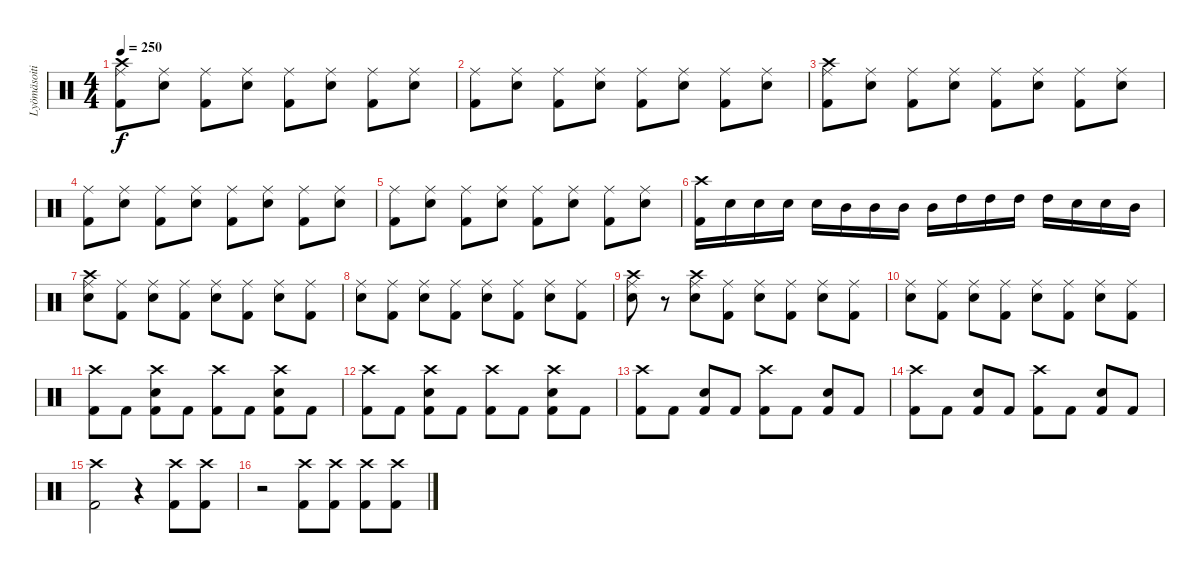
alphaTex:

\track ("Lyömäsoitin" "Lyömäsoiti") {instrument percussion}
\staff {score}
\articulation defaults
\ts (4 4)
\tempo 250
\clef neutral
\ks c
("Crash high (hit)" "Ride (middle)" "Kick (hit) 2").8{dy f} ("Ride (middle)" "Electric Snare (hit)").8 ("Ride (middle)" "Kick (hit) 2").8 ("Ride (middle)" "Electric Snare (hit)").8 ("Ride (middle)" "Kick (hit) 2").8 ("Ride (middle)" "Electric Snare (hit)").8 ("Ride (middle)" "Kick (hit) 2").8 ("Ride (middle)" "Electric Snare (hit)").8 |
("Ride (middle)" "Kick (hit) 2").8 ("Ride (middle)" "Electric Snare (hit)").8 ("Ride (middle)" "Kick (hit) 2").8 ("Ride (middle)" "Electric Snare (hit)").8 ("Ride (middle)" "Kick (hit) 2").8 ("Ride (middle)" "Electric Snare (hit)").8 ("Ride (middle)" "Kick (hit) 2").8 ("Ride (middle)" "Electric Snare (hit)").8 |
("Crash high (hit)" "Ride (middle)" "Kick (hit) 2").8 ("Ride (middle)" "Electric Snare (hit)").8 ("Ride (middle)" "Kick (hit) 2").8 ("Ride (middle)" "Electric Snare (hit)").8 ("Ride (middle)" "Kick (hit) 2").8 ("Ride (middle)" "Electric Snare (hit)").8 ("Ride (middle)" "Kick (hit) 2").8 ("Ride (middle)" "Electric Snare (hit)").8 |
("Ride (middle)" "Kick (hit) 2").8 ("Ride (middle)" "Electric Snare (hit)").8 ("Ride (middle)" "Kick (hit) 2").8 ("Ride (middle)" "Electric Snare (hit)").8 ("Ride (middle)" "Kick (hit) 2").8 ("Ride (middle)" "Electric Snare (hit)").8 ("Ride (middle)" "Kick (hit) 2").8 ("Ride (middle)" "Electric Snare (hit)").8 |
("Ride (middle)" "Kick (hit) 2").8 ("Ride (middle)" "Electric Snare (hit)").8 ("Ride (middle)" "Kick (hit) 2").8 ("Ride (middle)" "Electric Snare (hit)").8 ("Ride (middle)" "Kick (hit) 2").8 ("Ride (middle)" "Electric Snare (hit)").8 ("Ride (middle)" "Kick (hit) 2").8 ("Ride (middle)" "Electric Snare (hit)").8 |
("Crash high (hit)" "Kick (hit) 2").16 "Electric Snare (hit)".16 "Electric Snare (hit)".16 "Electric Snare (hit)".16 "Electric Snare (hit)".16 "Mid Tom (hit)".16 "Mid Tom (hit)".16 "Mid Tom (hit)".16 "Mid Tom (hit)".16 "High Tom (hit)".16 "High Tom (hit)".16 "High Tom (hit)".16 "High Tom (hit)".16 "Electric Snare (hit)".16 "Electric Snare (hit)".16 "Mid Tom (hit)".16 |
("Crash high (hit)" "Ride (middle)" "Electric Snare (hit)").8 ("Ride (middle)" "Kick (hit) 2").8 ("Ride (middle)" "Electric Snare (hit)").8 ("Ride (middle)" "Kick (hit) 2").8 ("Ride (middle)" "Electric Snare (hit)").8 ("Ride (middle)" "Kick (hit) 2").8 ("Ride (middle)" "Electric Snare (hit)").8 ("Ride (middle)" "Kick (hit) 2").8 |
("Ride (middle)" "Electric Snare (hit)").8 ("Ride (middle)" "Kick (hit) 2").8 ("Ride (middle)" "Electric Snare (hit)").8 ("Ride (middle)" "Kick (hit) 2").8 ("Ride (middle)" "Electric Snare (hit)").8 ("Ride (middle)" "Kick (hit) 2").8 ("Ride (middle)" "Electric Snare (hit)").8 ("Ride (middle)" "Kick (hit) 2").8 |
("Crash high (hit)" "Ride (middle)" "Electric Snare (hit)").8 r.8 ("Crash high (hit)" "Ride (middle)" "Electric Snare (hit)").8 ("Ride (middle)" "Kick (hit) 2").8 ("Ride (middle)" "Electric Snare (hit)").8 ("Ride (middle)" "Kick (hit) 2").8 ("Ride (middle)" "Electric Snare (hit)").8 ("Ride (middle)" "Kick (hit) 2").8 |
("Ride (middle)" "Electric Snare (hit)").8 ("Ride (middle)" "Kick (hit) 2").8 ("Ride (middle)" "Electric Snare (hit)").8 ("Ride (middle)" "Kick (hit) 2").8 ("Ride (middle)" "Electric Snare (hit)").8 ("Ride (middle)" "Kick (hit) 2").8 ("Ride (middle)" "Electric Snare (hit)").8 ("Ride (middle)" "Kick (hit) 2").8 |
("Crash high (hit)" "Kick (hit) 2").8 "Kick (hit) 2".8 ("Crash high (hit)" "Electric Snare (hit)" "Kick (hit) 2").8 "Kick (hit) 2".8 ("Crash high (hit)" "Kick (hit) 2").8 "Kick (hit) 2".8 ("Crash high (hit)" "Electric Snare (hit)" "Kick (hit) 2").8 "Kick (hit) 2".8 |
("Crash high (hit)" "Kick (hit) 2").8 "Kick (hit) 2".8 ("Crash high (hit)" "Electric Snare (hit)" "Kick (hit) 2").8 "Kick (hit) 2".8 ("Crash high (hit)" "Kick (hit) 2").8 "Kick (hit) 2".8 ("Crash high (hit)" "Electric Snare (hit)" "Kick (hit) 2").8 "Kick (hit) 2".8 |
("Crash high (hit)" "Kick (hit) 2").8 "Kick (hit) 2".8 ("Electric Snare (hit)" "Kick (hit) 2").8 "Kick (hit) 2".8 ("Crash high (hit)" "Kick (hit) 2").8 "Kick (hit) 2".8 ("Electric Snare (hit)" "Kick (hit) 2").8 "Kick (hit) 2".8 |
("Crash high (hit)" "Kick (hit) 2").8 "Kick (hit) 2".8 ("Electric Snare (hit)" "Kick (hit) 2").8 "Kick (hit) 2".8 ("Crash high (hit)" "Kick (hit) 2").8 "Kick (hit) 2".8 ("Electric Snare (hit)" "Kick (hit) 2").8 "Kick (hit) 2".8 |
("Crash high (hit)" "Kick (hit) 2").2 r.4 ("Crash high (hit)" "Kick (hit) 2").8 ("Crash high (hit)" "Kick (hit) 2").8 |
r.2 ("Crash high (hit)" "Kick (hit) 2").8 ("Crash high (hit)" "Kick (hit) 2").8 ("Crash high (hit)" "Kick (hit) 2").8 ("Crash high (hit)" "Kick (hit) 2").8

-----

* WORK ORDER:
The images are to be left out while the entries are written out exactly.

* REPLY:
alphaTex:

\track ("Lyömäsoitin" "Lyömäsoiti") {instrument percussion}
\staff {score}
\articulation defaults
\ts (4 4)
\tempo 250
\clef neutral
\ks c
("Crash high (hit)" "Ride (middle)" "Kick (hit) 2").8{dy f} ("Ride (middle)" "Electric Snare (hit)").8 ("Ride (middle)" "Kick (hit) 2").8 ("Ride (middle)" "Electric Snare (hit)").8 ("Ride (middle)" "Kick (hit) 2").8 ("Ride (middle)" "Electric Snare (hit)").8 ("Ride (middle)" "Kick (hit) 2").8 ("Ride (middle)" "Electric Snare (hit)").8 |
("Ride (middle)" "Kick (hit) 2").8 ("Ride (middle)" "Electric Snare (hit)").8 ("Ride (middle)" "Kick (hit) 2").8 ("Ride (middle)" "Electric Snare (hit)").8 ("Ride (middle)" "Kick (hit) 2").8 ("Ride (middle)" "Electric Snare (hit)").8 ("Ride (middle)" "Kick (hit) 2").8 ("Ride (middle)" "Electric Snare (hit)").8 |
("Crash high (hit)" "Ride (middle)" "Kick (hit) 2").8 ("Ride (middle)" "Electric Snare (hit)").8 ("Ride (middle)" "Kick (hit) 2").8 ("Ride (middle)" "Electric Snare (hit)").8 ("Ride (middle)" "Kick (hit) 2").8 ("Ride (middle)" "Electric Snare (hit)").8 ("Ride (middle)" "Kick (hit) 2").8 ("Ride (middle)" "Electric Snare (hit)").8 |
("Ride (middle)" "Kick (hit) 2").8 ("Ride (middle)" "Electric Snare (hit)").8 ("Ride (middle)" "Kick (hit) 2").8 ("Ride (middle)" "Electric Snare (hit)").8 ("Ride (middle)" "Kick (hit) 2").8 ("Ride (middle)" "Electric Snare (hit)").8 ("Ride (middle)" "Kick (hit) 2").8 ("Ride (middle)" "Electric Snare (hit)").8 |
("Ride (middle)" "Kick (hit) 2").8 ("Ride (middle)" "Electric Snare (hit)").8 ("Ride (middle)" "Kick (hit) 2").8 ("Ride (middle)" "Electric Snare (hit)").8 ("Ride (middle)" "Kick (hit) 2").8 ("Ride (middle)" "Electric Snare (hit)").8 ("Ride (middle)" "Kick (hit) 2").8 ("Ride (middle)" "Electric Snare (hit)").8 |
("Crash high (hit)" "Kick (hit) 2").16 "Electric Snare (hit)".16 "Electric Snare (hit)".16 "Electric Snare (hit)".16 "Electric Snare (hit)".16 "Mid Tom (hit)".16 "Mid Tom (hit)".16 "Mid Tom (hit)".16 "Mid Tom (hit)".16 "High Tom (hit)".16 "High Tom (hit)".16 "High Tom (hit)".16 "High Tom (hit)".16 "Electric Snare (hit)".16 "Electric Snare (hit)".16 "Mid Tom (hit)".16 |
("Crash high (hit)" "Ride (middle)" "Electric Snare (hit)").8 ("Ride (middle)" "Kick (hit) 2").8 ("Ride (middle)" "Electric Snare (hit)").8 ("Ride (middle)" "Kick (hit) 2").8 ("Ride (middle)" "Electric Snare (hit)").8 ("Ride (middle)" "Kick (hit) 2").8 ("Ride (middle)" "Electric Snare (hit)").8 ("Ride (middle)" "Kick (hit) 2").8 |
("Ride (middle)" "Electric Snare (hit)").8 ("Ride (middle)" "Kick (hit) 2").8 ("Ride (middle)" "Electric Snare (hit)").8 ("Ride (middle)" "Kick (hit) 2").8 ("Ride (middle)" "Electric Snare (hit)").8 ("Ride (middle)" "Kick (hit) 2").8 ("Ride (middle)" "Electric Snare (hit)").8 ("Ride (middle)" "Kick (hit) 2").8 |
("Crash high (hit)" "Ride (middle)" "Electric Snare (hit)").8 r.8 ("Crash high (hit)" "Ride (middle)" "Electric Snare (hit)").8 ("Ride (middle)" "Kick (hit) 2").8 ("Ride (middle)" "Electric Snare (hit)").8 ("Ride (middle)" "Kick (hit) 2").8 ("Ride (middle)" "Electric Snare (hit)").8 ("Ride (middle)" "Kick (hit) 2").8 |
("Ride (middle)" "Electric Snare (hit)").8 ("Ride (middle)" "Kick (hit) 2").8 ("Ride (middle)" "Electric Snare (hit)").8 ("Ride (middle)" "Kick (hit) 2").8 ("Ride (middle)" "Electric Snare (hit)").8 ("Ride (middle)" "Kick (hit) 2").8 ("Ride (middle)" "Electric Snare (hit)").8 ("Ride (middle)" "Kick (hit) 2").8 |
("Crash high (hit)" "Kick (hit) 2").8 "Kick (hit) 2".8 ("Crash high (hit)" "Electric Snare (hit)" "Kick (hit) 2").8 "Kick (hit) 2".8 ("Crash high (hit)" "Kick (hit) 2").8 "Kick (hit) 2".8 ("Crash high (hit)" "Electric Snare (hit)" "Kick (hit) 2").8 "Kick (hit) 2".8 |
("Crash high (hit)" "Kick (hit) 2").8 "Kick (hit) 2".8 ("Crash high (hit)" "Electric Snare (hit)" "Kick (hit) 2").8 "Kick (hit) 2".8 ("Crash high (hit)" "Kick (hit) 2").8 "Kick (hit) 2".8 ("Crash high (hit)" "Electric Snare (hit)" "Kick (hit) 2").8 "Kick (hit) 2".8 |
("Crash high (hit)" "Kick (hit) 2").8 "Kick (hit) 2".8 ("Electric Snare (hit)" "Kick (hit) 2").8 "Kick (hit) 2".8 ("Crash high (hit)" "Kick (hit) 2").8 "Kick (hit) 2".8 ("Electric Snare (hit)" "Kick (hit) 2").8 "Kick (hit) 2".8 |
("Crash high (hit)" "Kick (hit) 2").8 "Kick (hit) 2".8 ("Electric Snare (hit)" "Kick (hit) 2").8 "Kick (hit) 2".8 ("Crash high (hit)" "Kick (hit) 2").8 "Kick (hit) 2".8 ("Electric Snare (hit)" "Kick (hit) 2").8 "Kick (hit) 2".8 |
("Crash high (hit)" "Kick (hit) 2").2 r.4 ("Crash high (hit)" "Kick (hit) 2").8 ("Crash high (hit)" "Kick (hit) 2").8 |
r.2 ("Crash high (hit)" "Kick (hit) 2").8 ("Crash high (hit)" "Kick (hit) 2").8 ("Crash high (hit)" "Kick (hit) 2").8 ("Crash high (hit)" "Kick (hit) 2").8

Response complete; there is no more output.